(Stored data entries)
=======

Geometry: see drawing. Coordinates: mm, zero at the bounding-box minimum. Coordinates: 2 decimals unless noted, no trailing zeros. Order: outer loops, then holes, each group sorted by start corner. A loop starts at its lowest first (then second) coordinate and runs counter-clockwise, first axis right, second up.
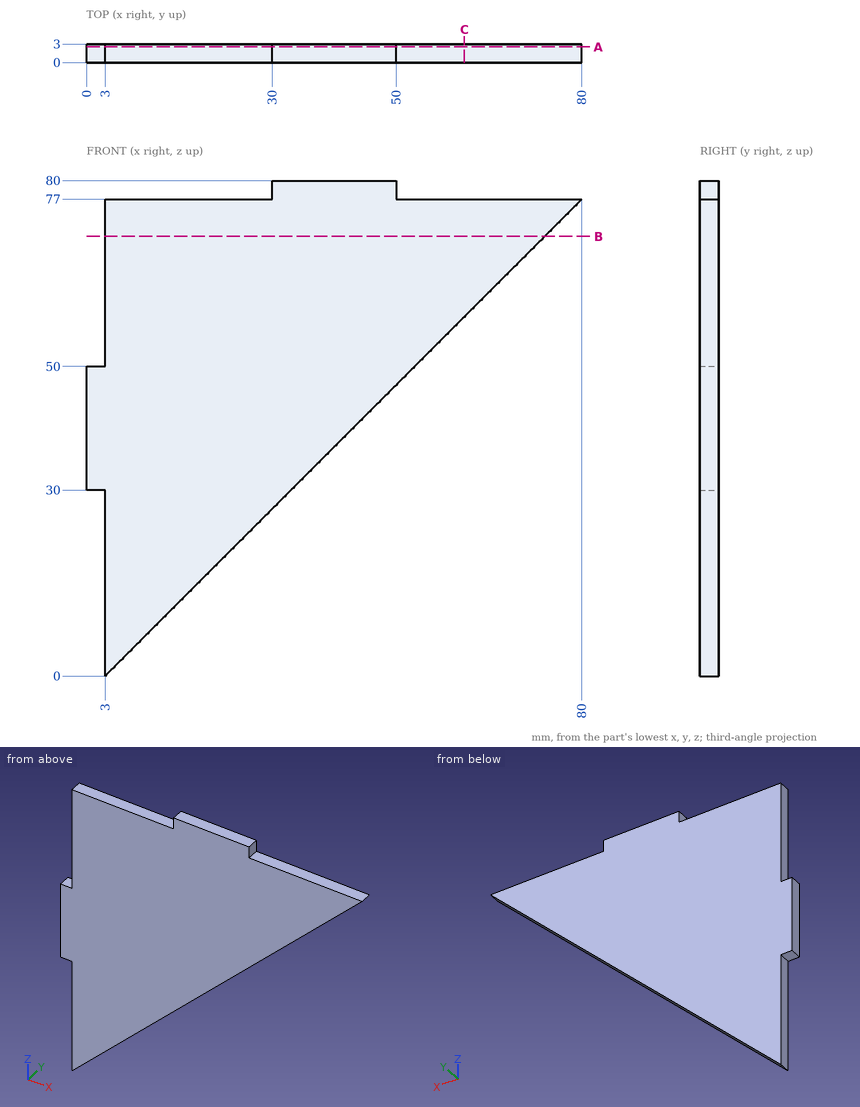
Q1. Section query C-C on x = 61. Output: boundary loops of the cut face in (y, z).
Solutions:
outline: (0, 58) - (3, 58) - (3, 77) - (0, 77) - close
Q2. Section query B-B on z = 71. Output: boundary loops of the cut face in (x, y).
Solutions:
outline: (3, 0) - (74, 0) - (74, 3) - (3, 3) - close
Q3. Pin query (flat end, axial travel): P1, Ø0.9, axis at y = 1, z = 78.5, coming from the +X side; P2, Ø1, axis at y = 0.5, z = 52.5, coming from the +X side; P3, Ø0.9, axis at x = 68.5, y = 1, coming from the +Z side. Return the tip coordinate at first contact, or that it passes through.
Solutions:
P1: stops at x = 50
P2: stops at x = 56
P3: stops at z = 77
Q4. Material intervals for line 1 along X through (y, z) = (2.5, 77.5); line 2 along Z through (x, y) = (36.5, 0.3); line 3 along X through (y, z) = (2.1, 38.5), sorted ascending.
Solutions:
line 1: x = 30 to 50
line 2: z = 33.5 to 80
line 3: x = 0 to 41.5
Q5. Section query A-A on y = 2.55. Output: boundary loops of the cut face in (x, z), plus the area to 3 significant figures.
Solutions:
outline: (0, 30) - (3, 30) - (3, 0) - (80, 77) - (50, 77) - (50, 80) - (30, 80) - (30, 77) - (3, 77) - (3, 50) - (0, 50) - close
area: 3,080 mm2
```python
from build123d import *

# Parameters (mm, degrees)
EXTRUDE_1_DEPTH     = 40
SKETCH_2_R          = 2.75
CUT_EXTRUDE_1_DEPTH = 40


with BuildPart() as part:
    # 草图1 → 凸台-拉伸1 (new body)
    with BuildSketch(Plane.XY):
        Polygon((0, 0), (0, -2), (40, -2), (40, 38), (38, 38), (38, 0), align=None)
    extrude(amount=EXTRUDE_1_DEPTH)

    # 草图2 → 切除-拉伸1 (cut)
    with BuildSketch(Plane(origin=(40, 0, 0), x_dir=(0, 0, -1), z_dir=(1, 0, 0))):
        with Locations((-30, 31)):
            Circle(SKETCH_2_R)
        with Locations(Location((-10, 31, 0), (0, 0, 90))):
            Circle(SKETCH_2_R)
    cut_extrude_1 = extrude(amount=-CUT_EXTRUDE_1_DEPTH, mode=Mode.SUBTRACT)

    # 镜向1: 切除-拉伸1 across plane
    add(cut_extrude_1.mirror(Plane(origin=(19, 19, 0), x_dir=(0, 0, 1), z_dir=(0.7071067811865488, 0.7071067811865464, 0))), mode=Mode.SUBTRACT)


solid = part.part
```
The listing builds one solid part. Answer for the finished solid, in the listing's coordinates (mm). A direction names the side the tool comes from. Give positions to 0.01 mm unless a question says otherwise; leave off trailing zeros. Write each loop counter-clockwise with the first axis right and the second up, starting at its lowest first coordinate (ties: lowest second). Pieces come first, ordered by that corner, then holes. Notation, with made-up numbers: (14, 23.5) -> (19, 23.5) arc R26 ccw to (19, 41.5) -> close; hole circle Ø5 at (40.5, -39.5). An arc over 180 degrees is marked (long way). Use one line per item in the form item = value.
1) A tool of negligible diameter and unlimited length cuts with its end or side. For faces 1 (the flat face through (0, -1, 20)), 2 (the flat face through (38, 19, 20)), from which of +Z, -Z, +X, -X, +Y, -Y can it reach the whole face along a straight path? Write none if from no direction.
Result:
face_1 = +Z, -Z, -X, +Y, -Y
face_2 = +Z, -Z, -X, +Y
2) Section B-B on y = 31 is taken. Write down the section's boundary in (x, z), plus the area to 3 significant figures.
Result:
outline = (38, 0) -> (40, 0) -> (40, 7.25) -> (38, 7.25) -> close; (38, 12.75) -> (40, 12.75) -> (40, 27.25) -> (38, 27.25) -> close; (38, 32.75) -> (40, 32.75) -> (40, 40) -> (38, 40) -> close
area = 58.0 mm²
3) Section A-A on z = 30 is taken. Write down the section's boundary in (x, y), plus the area to 3 significant figures.
Result:
outline = (0, -2) -> (4.25, -2) -> (4.25, 0) -> (0, 0) -> close; (9.75, -2) -> (40, -2) -> (40, 28.25) -> (38, 28.25) -> (38, 0) -> (9.75, 0) -> close; (38, 33.75) -> (40, 33.75) -> (40, 38) -> (38, 38) -> close
area = 134 mm²
4) For a pull along Y with two mould halves and no side action, classify faces 3 (the flat face through (19, 0, 20)), 4 (the flat face through (29, -1, 0)), 5 (the cylindrical face through (39.014, 28.253, 10.121)) as +Y half, -Y half, draft (parallel to the pull), parting line (faces both ways), or undercut.
Result:
face_3 = +Y half
face_4 = draft
face_5 = undercut
5) Section D-D on z = 20 is taken. Write down the section's boundary in (x, y).
Result:
outline = (0, -2) -> (40, -2) -> (40, 38) -> (38, 38) -> (38, 0) -> (0, 0) -> close
6) Section C-C on x = 5 is taken. Write down the section's boundary in (y, z).
Result:
outline = (-2, 0) -> (0, 0) -> (0, 8.11) -> (-2, 8.11) -> close; (-2, 11.89) -> (0, 11.89) -> (0, 28.11) -> (-2, 28.11) -> close; (-2, 31.89) -> (0, 31.89) -> (0, 40) -> (-2, 40) -> close
7) Each of these flat-tipped pins is pushed along its axis until it touches: P1, Ø6.5, axis at y = 31, z = 30, coming from the -X side; P2, Ø7, axis at x = 7, z = 10, coming from the -Y side; P3, Ø1.5, axis at x = 26, z = 21, coming from the +Y side. Where does it stop, or does it pass through?
Result:
P1 = 38
P2 = -2
P3 = 0
8) Straight lines are drawn through the part: probe 1 along Z at (x, y) = (7, -1.35); probe 2 along Y at (x, z) = (38.95, 30); probe 3 along X at (y, z) = (-1, 10). For each, find the intervals that lie inside material, in ascending order.
Result:
probe_1 = 0 to 7.25, 12.75 to 27.25, 32.75 to 40
probe_2 = -2 to 28.25, 33.75 to 38
probe_3 = 0 to 4.25, 9.75 to 40

=======

Task directions
Omit the pictures, then give all the lines above again exactly.

Solution for this exercise
Geometry: see drawing. Coordinates: mm, zero at the bounding-box minimum. Coordinates: 2 decimals unless noted, no trailing zeros. Order: outer loops, then holes, each group sorted by start corner. A loop starts at its lowest first (then second) coordinate and runs counter-clockwise, first axis right, second up.
Q1. Section query C-C on x = 61. Output: boundary loops of the cut face in (y, z).
Solutions:
outline: (0, 58) - (3, 58) - (3, 77) - (0, 77) - close
Q2. Section query B-B on z = 71. Output: boundary loops of the cut face in (x, y).
Solutions:
outline: (3, 0) - (74, 0) - (74, 3) - (3, 3) - close
Q3. Pin query (flat end, axial travel): P1, Ø0.9, axis at y = 1, z = 78.5, coming from the +X side; P2, Ø1, axis at y = 0.5, z = 52.5, coming from the +X side; P3, Ø0.9, axis at x = 68.5, y = 1, coming from the +Z side. Return the tip coordinate at first contact, or that it passes through.
Solutions:
P1: stops at x = 50
P2: stops at x = 56
P3: stops at z = 77
Q4. Material intervals for line 1 along X through (y, z) = (2.5, 77.5); line 2 along Z through (x, y) = (36.5, 0.3); line 3 along X through (y, z) = (2.1, 38.5), sorted ascending.
Solutions:
line 1: x = 30 to 50
line 2: z = 33.5 to 80
line 3: x = 0 to 41.5
Q5. Section query A-A on y = 2.55. Output: boundary loops of the cut face in (x, z), plus the area to 3 significant figures.
Solutions:
outline: (0, 30) - (3, 30) - (3, 0) - (80, 77) - (50, 77) - (50, 80) - (30, 80) - (30, 77) - (3, 77) - (3, 50) - (0, 50) - close
area: 3,080 mm2
```python
from build123d import *

# Parameters (mm, degrees)
EXTRUDE_1_DEPTH     = 40
SKETCH_2_R          = 2.75
CUT_EXTRUDE_1_DEPTH = 40


with BuildPart() as part:
    # 草图1 → 凸台-拉伸1 (new body)
    with BuildSketch(Plane.XY):
        Polygon((0, 0), (0, -2), (40, -2), (40, 38), (38, 38), (38, 0), align=None)
    extrude(amount=EXTRUDE_1_DEPTH)

    # 草图2 → 切除-拉伸1 (cut)
    with BuildSketch(Plane(origin=(40, 0, 0), x_dir=(0, 0, -1), z_dir=(1, 0, 0))):
        with Locations((-30, 31)):
            Circle(SKETCH_2_R)
        with Locations(Location((-10, 31, 0), (0, 0, 90))):
            Circle(SKETCH_2_R)
    cut_extrude_1 = extrude(amount=-CUT_EXTRUDE_1_DEPTH, mode=Mode.SUBTRACT)

    # 镜向1: 切除-拉伸1 across plane
    add(cut_extrude_1.mirror(Plane(origin=(19, 19, 0), x_dir=(0, 0, 1), z_dir=(0.7071067811865488, 0.7071067811865464, 0))), mode=Mode.SUBTRACT)


solid = part.part
```
The listing builds one solid part. Answer for the finished solid, in the listing's coordinates (mm). A direction names the side the tool comes from. Give positions to 0.01 mm unless a question says otherwise; leave off trailing zeros. Write each loop counter-clockwise with the first axis right and the second up, starting at its lowest first coordinate (ties: lowest second). Pieces come first, ordered by that corner, then holes. Notation, with made-up numbers: (14, 23.5) -> (19, 23.5) arc R26 ccw to (19, 41.5) -> close; hole circle Ø5 at (40.5, -39.5). An arc over 180 degrees is marked (long way). Use one line per item in the form item = value.
1) A tool of negligible diameter and unlimited length cuts with its end or side. For faces 1 (the flat face through (0, -1, 20)), 2 (the flat face through (38, 19, 20)), from which of +Z, -Z, +X, -X, +Y, -Y can it reach the whole face along a straight path? Write none if from no direction.
Result:
face_1 = +Z, -Z, -X, +Y, -Y
face_2 = +Z, -Z, -X, +Y
2) Section B-B on y = 31 is taken. Write down the section's boundary in (x, z), plus the area to 3 significant figures.
Result:
outline = (38, 0) -> (40, 0) -> (40, 7.25) -> (38, 7.25) -> close; (38, 12.75) -> (40, 12.75) -> (40, 27.25) -> (38, 27.25) -> close; (38, 32.75) -> (40, 32.75) -> (40, 40) -> (38, 40) -> close
area = 58.0 mm²
3) Section A-A on z = 30 is taken. Write down the section's boundary in (x, y), plus the area to 3 significant figures.
Result:
outline = (0, -2) -> (4.25, -2) -> (4.25, 0) -> (0, 0) -> close; (9.75, -2) -> (40, -2) -> (40, 28.25) -> (38, 28.25) -> (38, 0) -> (9.75, 0) -> close; (38, 33.75) -> (40, 33.75) -> (40, 38) -> (38, 38) -> close
area = 134 mm²
4) For a pull along Y with two mould halves and no side action, classify faces 3 (the flat face through (19, 0, 20)), 4 (the flat face through (29, -1, 0)), 5 (the cylindrical face through (39.014, 28.253, 10.121)) as +Y half, -Y half, draft (parallel to the pull), parting line (faces both ways), or undercut.
Result:
face_3 = +Y half
face_4 = draft
face_5 = undercut
5) Section D-D on z = 20 is taken. Write down the section's boundary in (x, y).
Result:
outline = (0, -2) -> (40, -2) -> (40, 38) -> (38, 38) -> (38, 0) -> (0, 0) -> close
6) Section C-C on x = 5 is taken. Write down the section's boundary in (y, z).
Result:
outline = (-2, 0) -> (0, 0) -> (0, 8.11) -> (-2, 8.11) -> close; (-2, 11.89) -> (0, 11.89) -> (0, 28.11) -> (-2, 28.11) -> close; (-2, 31.89) -> (0, 31.89) -> (0, 40) -> (-2, 40) -> close
7) Each of these flat-tipped pins is pushed along its axis until it touches: P1, Ø6.5, axis at y = 31, z = 30, coming from the -X side; P2, Ø7, axis at x = 7, z = 10, coming from the -Y side; P3, Ø1.5, axis at x = 26, z = 21, coming from the +Y side. Where does it stop, or does it pass through?
Result:
P1 = 38
P2 = -2
P3 = 0
8) Straight lines are drawn through the part: probe 1 along Z at (x, y) = (7, -1.35); probe 2 along Y at (x, z) = (38.95, 30); probe 3 along X at (y, z) = (-1, 10). For each, find the intervals that lie inside material, in ascending order.
Result:
probe_1 = 0 to 7.25, 12.75 to 27.25, 32.75 to 40
probe_2 = -2 to 28.25, 33.75 to 38
probe_3 = 0 to 4.25, 9.75 to 40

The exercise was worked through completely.